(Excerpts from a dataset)

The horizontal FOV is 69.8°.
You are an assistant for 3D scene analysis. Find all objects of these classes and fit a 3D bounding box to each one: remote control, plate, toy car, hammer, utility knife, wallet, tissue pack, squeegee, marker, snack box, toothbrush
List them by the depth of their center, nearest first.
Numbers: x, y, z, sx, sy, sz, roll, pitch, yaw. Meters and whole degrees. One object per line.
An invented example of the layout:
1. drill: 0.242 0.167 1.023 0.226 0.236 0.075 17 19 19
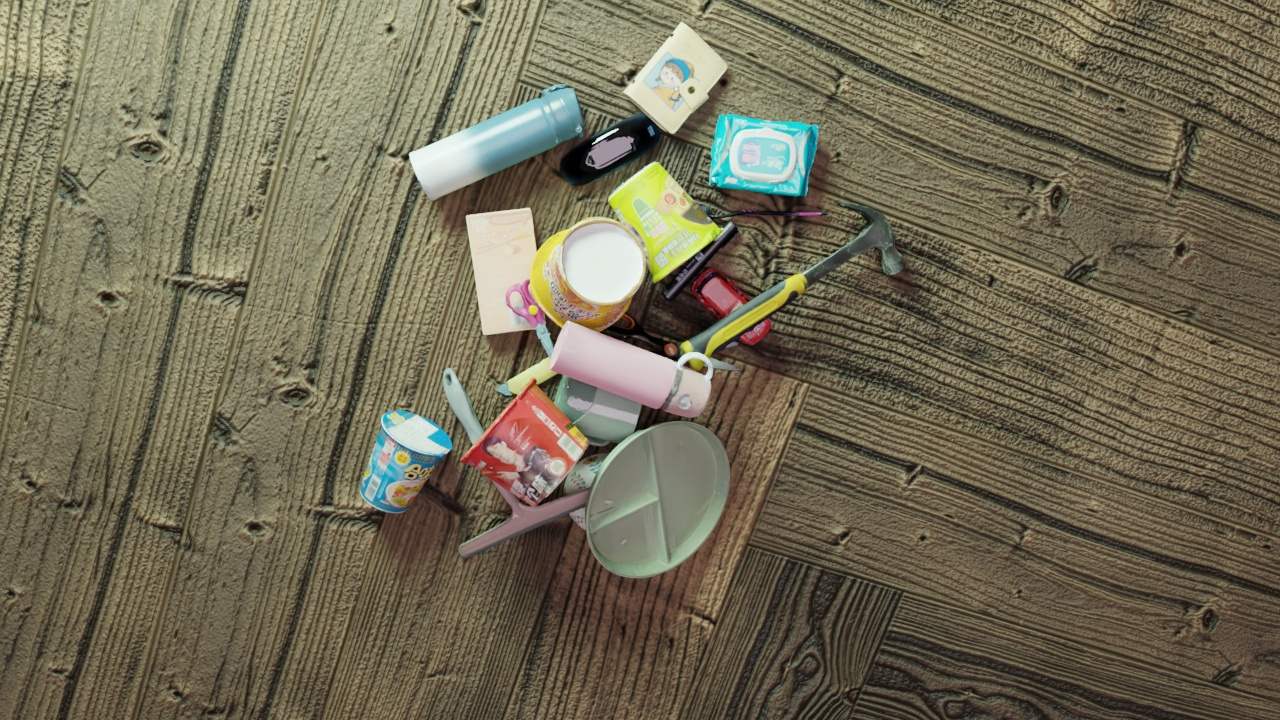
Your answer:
1. wallet: 0.047 -0.352 1.157 0.087 0.024 0.115 40 90 -9
2. remote control: -0.038 -0.268 1.169 0.136 0.024 0.053 -29 103 2
3. tissue pack: 0.157 -0.262 1.173 0.133 0.050 0.093 5 101 -6
4. hammer: 0.192 -0.094 1.191 0.323 0.032 0.126 -33 111 -7
5. snack box: -0.174 -0.115 1.191 0.084 0.026 0.157 -7 103 -4
6. toothbrush: 0.155 -0.196 1.208 0.189 0.014 0.018 -1 93 -5
7. marker: 0.079 -0.131 1.213 0.132 0.020 0.022 -47 125 5
8. toy car: 0.122 -0.070 1.218 0.120 0.045 0.053 41 98 -14
9. squeegee: -0.203 0.123 1.220 0.248 0.040 0.249 -27 94 20
10. plate: 0.022 0.184 1.228 0.229 0.027 0.230 -14 117 -30
11. utility knife: -0.119 0.005 1.228 0.166 0.018 0.031 -31 99 1

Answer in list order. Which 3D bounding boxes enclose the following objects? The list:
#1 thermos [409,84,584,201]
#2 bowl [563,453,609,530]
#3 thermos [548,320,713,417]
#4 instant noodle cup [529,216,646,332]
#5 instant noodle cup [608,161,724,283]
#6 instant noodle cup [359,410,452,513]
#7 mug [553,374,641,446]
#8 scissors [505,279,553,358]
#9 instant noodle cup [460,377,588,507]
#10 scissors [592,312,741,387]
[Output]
1. thermos: -0.174 -0.272 1.138 0.220 0.070 0.070 -24 103 0
2. bowl: -0.049 0.189 1.253 0.113 0.062 0.113 -1 103 -3
3. thermos: -0.007 0.007 1.139 0.198 0.067 0.087 20 112 -11
4. instant noodle cup: -0.059 -0.111 1.138 0.138 0.110 0.138 2 82 -17
5. instant noodle cup: 0.025 -0.179 1.157 0.112 0.111 0.123 -37 96 4
6. instant noodle cup: -0.316 0.138 1.207 0.099 0.099 0.110 28 106 -10
7. mug: -0.063 0.069 1.221 0.106 0.082 0.112 15 132 -8
8. scissors: -0.129 -0.042 1.191 0.056 0.017 0.133 -29 109 -15
9. instant noodle cup: -0.138 0.107 1.134 0.108 0.138 0.138 41 96 -4
10. scissors: 0.020 -0.026 1.214 0.228 0.022 0.190 -25 75 -25
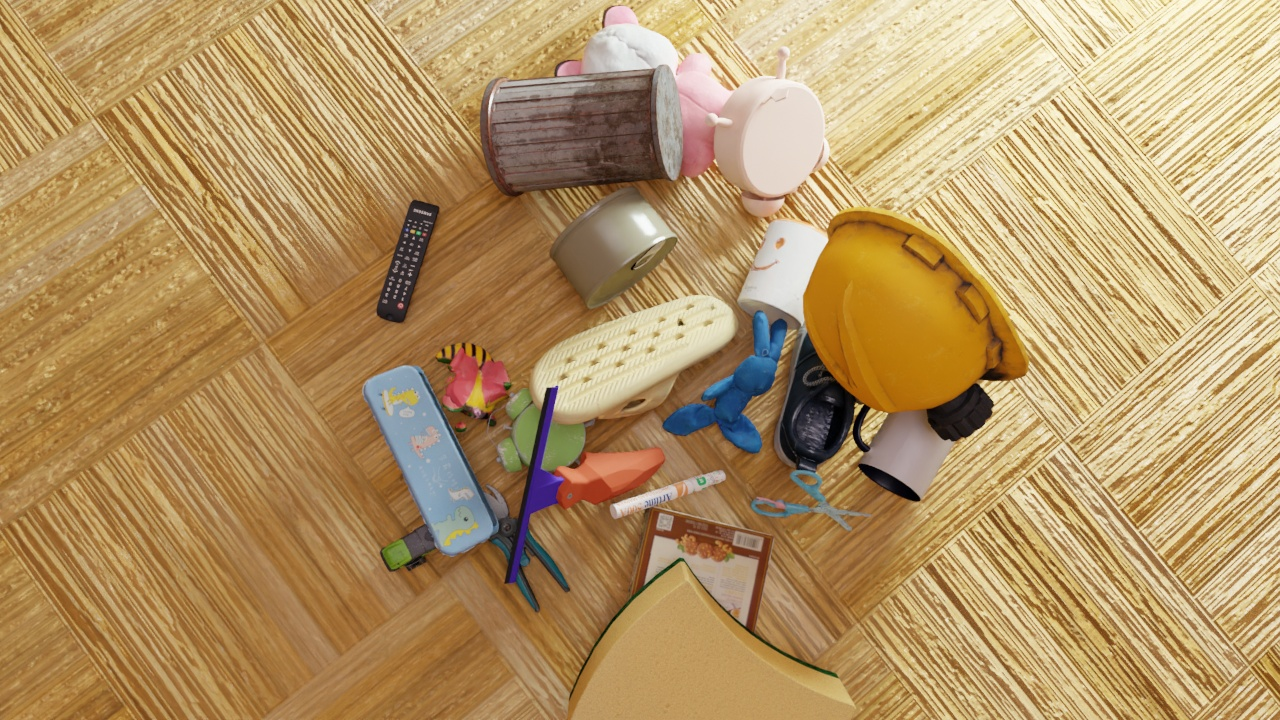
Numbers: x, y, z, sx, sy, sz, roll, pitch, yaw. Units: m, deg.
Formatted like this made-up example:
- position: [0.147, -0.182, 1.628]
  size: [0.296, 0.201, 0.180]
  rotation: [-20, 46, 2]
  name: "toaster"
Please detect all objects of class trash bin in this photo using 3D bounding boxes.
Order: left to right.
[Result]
- position: [-0.069, -0.252, 1.012]
  size: [0.211, 0.130, 0.130]
  rotation: [-1, 80, 16]
  name: "trash bin"

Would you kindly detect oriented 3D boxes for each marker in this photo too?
- position: [0.032, 0.146, 1.015]
  size: [0.145, 0.017, 0.017]
  rotation: [-14, 82, -30]
  name: "marker"

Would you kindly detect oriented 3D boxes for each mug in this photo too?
- position: [0.168, -0.099, 1.059]
  size: [0.082, 0.082, 0.105]
  rotation: [24, 81, -1]
  name: "mug"
- position: [0.292, 0.089, 1.038]
  size: [0.112, 0.079, 0.096]
  rotation: [35, 79, -8]
  name: "mug"

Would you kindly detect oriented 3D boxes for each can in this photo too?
- position: [-0.030, -0.125, 1.024]
  size: [0.127, 0.128, 0.073]
  rotation: [-36, 84, -10]
  name: "can"

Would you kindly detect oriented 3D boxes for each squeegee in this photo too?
- position: [-0.043, 0.124, 0.984]
  size: [0.184, 0.250, 0.055]
  rotation: [-14, 39, -43]
  name: "squeegee"

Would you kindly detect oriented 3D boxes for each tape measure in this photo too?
- position: [-0.244, 0.204, 0.986]
  size: [0.065, 0.059, 0.036]
  rotation: [-28, 85, -11]
  name: "tape measure"

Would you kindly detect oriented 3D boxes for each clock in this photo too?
- position: [-0.110, 0.082, 1.019]
  size: [0.119, 0.043, 0.094]
  rotation: [11, 79, -12]
  name: "clock"
- position: [0.156, -0.251, 1.051]
  size: [0.131, 0.160, 0.086]
  rotation: [-44, 49, -10]
  name: "clock"

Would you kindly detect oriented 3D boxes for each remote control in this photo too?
- position: [-0.267, -0.116, 1.057]
  size: [0.033, 0.015, 0.146]
  rotation: [15, 80, -2]
  name: "remote control"

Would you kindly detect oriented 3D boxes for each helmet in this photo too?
- position: [0.254, -0.021, 0.933]
  size: [0.255, 0.205, 0.131]
  rotation: [46, 76, -16]
  name: "helmet"

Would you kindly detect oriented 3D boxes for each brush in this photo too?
- position: [0.070, 0.353, 0.948]
  size: [0.250, 0.075, 0.195]
  rotation: [38, 93, -5]
  name: "brush"

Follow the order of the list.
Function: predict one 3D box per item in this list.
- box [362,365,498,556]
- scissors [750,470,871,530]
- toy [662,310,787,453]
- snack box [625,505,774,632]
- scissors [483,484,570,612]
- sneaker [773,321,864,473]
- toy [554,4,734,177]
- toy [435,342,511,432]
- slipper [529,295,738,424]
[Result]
- position: [-0.232, 0.110, 0.982]
  size: [0.078, 0.073, 0.210]
  rotation: [-23, 83, -41]
  name: "box"
- position: [0.196, 0.154, 1.020]
  size: [0.138, 0.120, 0.015]
  rotation: [4, 49, -1]
  name: "scissors"
- position: [0.116, 0.032, 1.033]
  size: [0.112, 0.071, 0.176]
  rotation: [26, 104, -26]
  name: "toy"
- position: [0.062, 0.248, 1.015]
  size: [0.143, 0.041, 0.147]
  rotation: [14, 80, -3]
  name: "snack box"
- position: [-0.135, 0.211, 1.015]
  size: [0.131, 0.019, 0.149]
  rotation: [13, 81, -4]
  name: "scissors"
- position: [0.216, 0.018, 1.041]
  size: [0.089, 0.087, 0.235]
  rotation: [20, 79, -2]
  name: "sneaker"
- position: [0.018, -0.320, 1.080]
  size: [0.213, 0.084, 0.142]
  rotation: [37, 84, 0]
  name: "toy"
- position: [-0.188, 0.025, 1.025]
  size: [0.084, 0.046, 0.103]
  rotation: [-13, 73, -25]
  name: "toy"
- position: [-0.006, 0.006, 1.032]
  size: [0.261, 0.079, 0.111]
  rotation: [-26, 52, -22]
  name: "slipper"

* Work instruction *
All that is wanted is a faithful reproduction of the line above with "rotation: [-20, 46, 2]", the line with "- toy [662,310,787,453]", and every line in between.

* Expected output *
  rotation: [-20, 46, 2]
  name: "toaster"
Please detect all objects of class trash bin in this photo using 3D bounding boxes.
Order: left to right.
[Result]
- position: [-0.069, -0.252, 1.012]
  size: [0.211, 0.130, 0.130]
  rotation: [-1, 80, 16]
  name: "trash bin"

Would you kindly detect oriented 3D boxes for each marker in this photo too?
- position: [0.032, 0.146, 1.015]
  size: [0.145, 0.017, 0.017]
  rotation: [-14, 82, -30]
  name: "marker"

Would you kindly detect oriented 3D boxes for each mug in this photo too?
- position: [0.168, -0.099, 1.059]
  size: [0.082, 0.082, 0.105]
  rotation: [24, 81, -1]
  name: "mug"
- position: [0.292, 0.089, 1.038]
  size: [0.112, 0.079, 0.096]
  rotation: [35, 79, -8]
  name: "mug"

Would you kindly detect oriented 3D boxes for each can in this photo too?
- position: [-0.030, -0.125, 1.024]
  size: [0.127, 0.128, 0.073]
  rotation: [-36, 84, -10]
  name: "can"

Would you kindly detect oriented 3D boxes for each squeegee in this photo too?
- position: [-0.043, 0.124, 0.984]
  size: [0.184, 0.250, 0.055]
  rotation: [-14, 39, -43]
  name: "squeegee"

Would you kindly detect oriented 3D boxes for each tape measure in this photo too?
- position: [-0.244, 0.204, 0.986]
  size: [0.065, 0.059, 0.036]
  rotation: [-28, 85, -11]
  name: "tape measure"

Would you kindly detect oriented 3D boxes for each clock in this photo too?
- position: [-0.110, 0.082, 1.019]
  size: [0.119, 0.043, 0.094]
  rotation: [11, 79, -12]
  name: "clock"
- position: [0.156, -0.251, 1.051]
  size: [0.131, 0.160, 0.086]
  rotation: [-44, 49, -10]
  name: "clock"

Would you kindly detect oriented 3D boxes for each remote control in this photo too?
- position: [-0.267, -0.116, 1.057]
  size: [0.033, 0.015, 0.146]
  rotation: [15, 80, -2]
  name: "remote control"

Would you kindly detect oriented 3D boxes for each helmet in this photo too?
- position: [0.254, -0.021, 0.933]
  size: [0.255, 0.205, 0.131]
  rotation: [46, 76, -16]
  name: "helmet"

Would you kindly detect oriented 3D boxes for each brush in this photo too?
- position: [0.070, 0.353, 0.948]
  size: [0.250, 0.075, 0.195]
  rotation: [38, 93, -5]
  name: "brush"

Follow the order of the list.
Function: predict one 3D box per item in this list.
- box [362,365,498,556]
- scissors [750,470,871,530]
- toy [662,310,787,453]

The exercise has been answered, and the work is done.